On the Regional Level: Third Parties and Indirect Structural Conflicts

The United States and China are not connected by land, and the Pacific between them is large enough to create a safe distance. But as the sole superpower, the United States is the military ally of many regional countries and has a treaty obligation to defend them when attacked, while many of those countries have disputes with China over maritime territories. In the cases of the China-Japan dispute over the Diaoyu Islands, and the overlapping territorial claims among five parties over the South China Sea islands and their surrounding waters, the United States became involved because of its alliances with Japan and the Philippines. After the United States announced its rebalance strategy, local countries also quickly launched their own visions of rebalance, in order to pursue their own interests. Through escalating the territorial disputes and getting the United States involved, Japan, under the lead of the Liberal Democratic Party, especially since Prime Minister Abe returned to power in 2012, is heading firmly towards its ambitious national goal to regain a normal state status by profiting from the strained atmosphere of U.S.-China relations. To prevent China’s return to the central position of the Asian power structure, Japan is much more active in containing China and interrupting its resurgence.

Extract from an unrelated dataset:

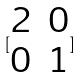Convert formula to latex. <formula><loc_0><loc_0><loc_500><loc_500>[ \begin{matrix} 2 & 0 \\ 0 & 1 \end{matrix} ]</formula>

Similarly, Aquino in the Philippines did the same, out of fear that a much more stronger China would be less willing to compromise in the South China Sea. Under the endorsement and support of the United States, the legally controversial South China Sea arbitration initiated by the Philippines aims at pressing China to soften its policy through seriously damaging its national image before the global audience and deteriorating its neighboring diplomatic atmosphere with ASEAN countries, conversely arousing stronger nationalistic public opinion among the masses in China, and leading the Chinese government to be less compromising.